Starting with the first line below, reproduce each line exactly until you have included the one bearing "Return lines of".

### Material provided
——————

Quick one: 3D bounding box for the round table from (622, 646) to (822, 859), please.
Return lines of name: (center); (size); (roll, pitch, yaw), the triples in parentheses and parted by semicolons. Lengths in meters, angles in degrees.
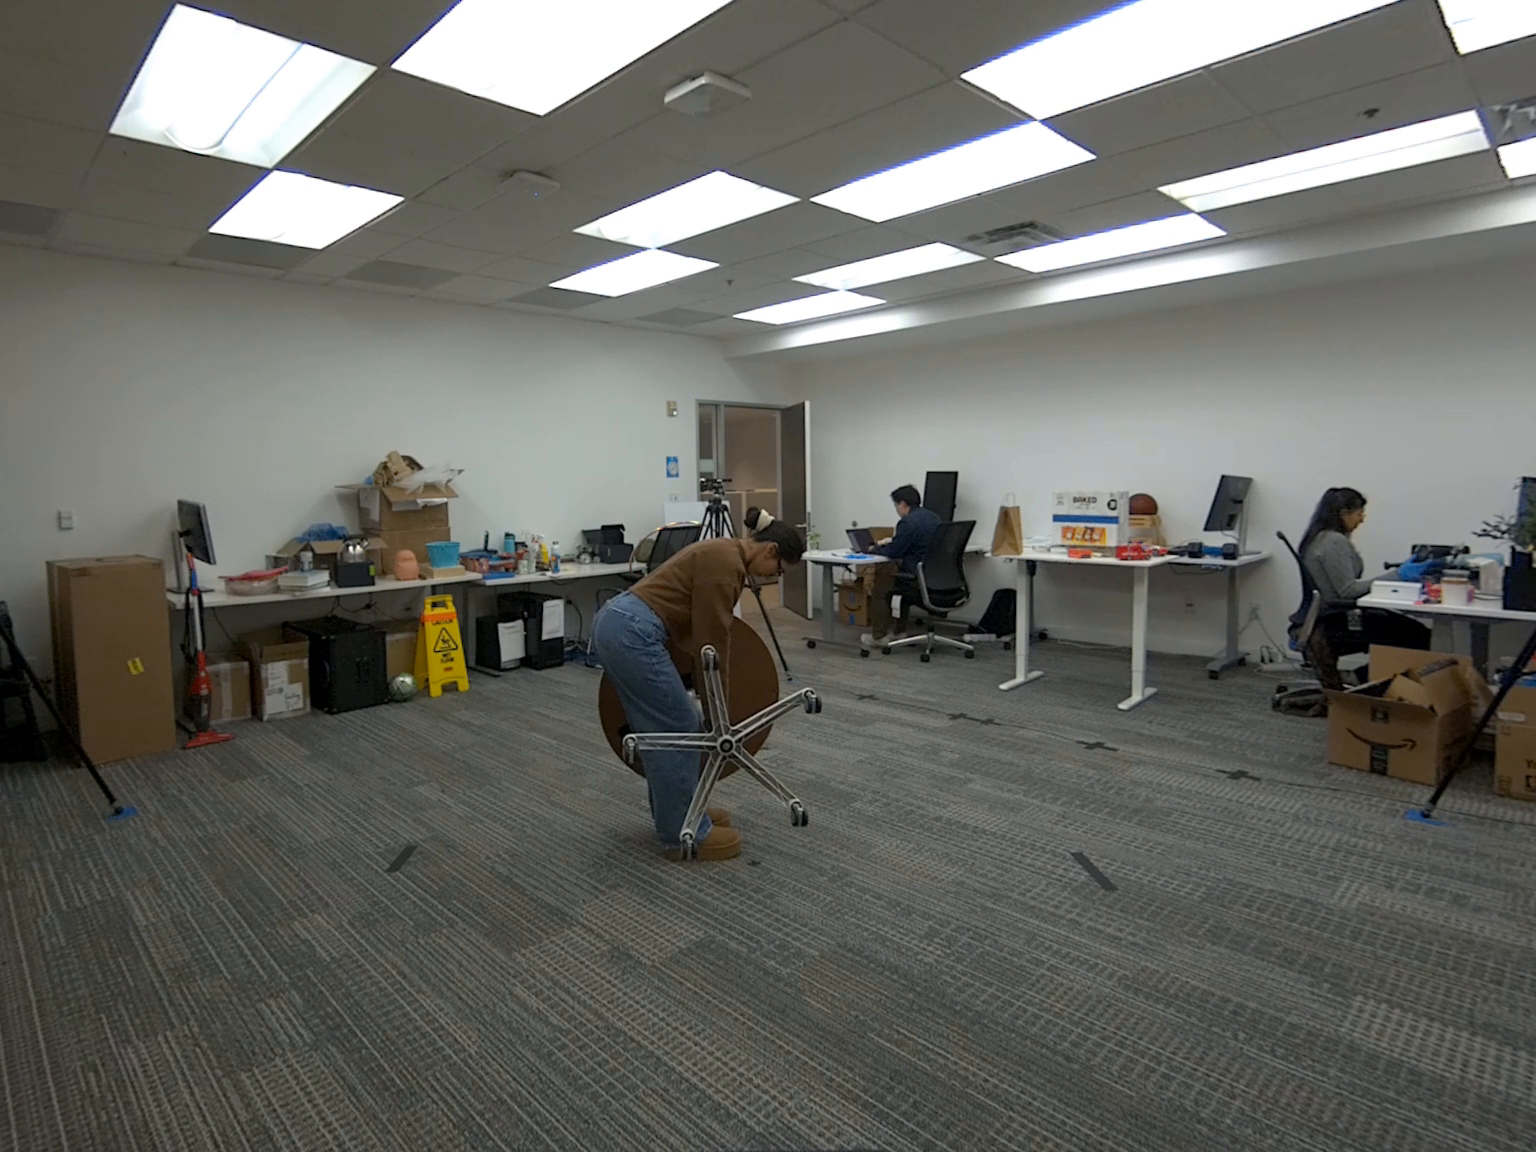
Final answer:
round table: (-0.222, 0.553, 3.181); (0.755, 0.760, 0.808); (-2, 6, -14)

——————

### Reply to the task
Quick one: 3D bounding box for the round table from (622, 646) to (822, 859), please.
Return lines of name: (center); (size); (roll, pitch, yaw), the triples in parentheses and parted by semicolons. Lengths in meters, angles in degrees.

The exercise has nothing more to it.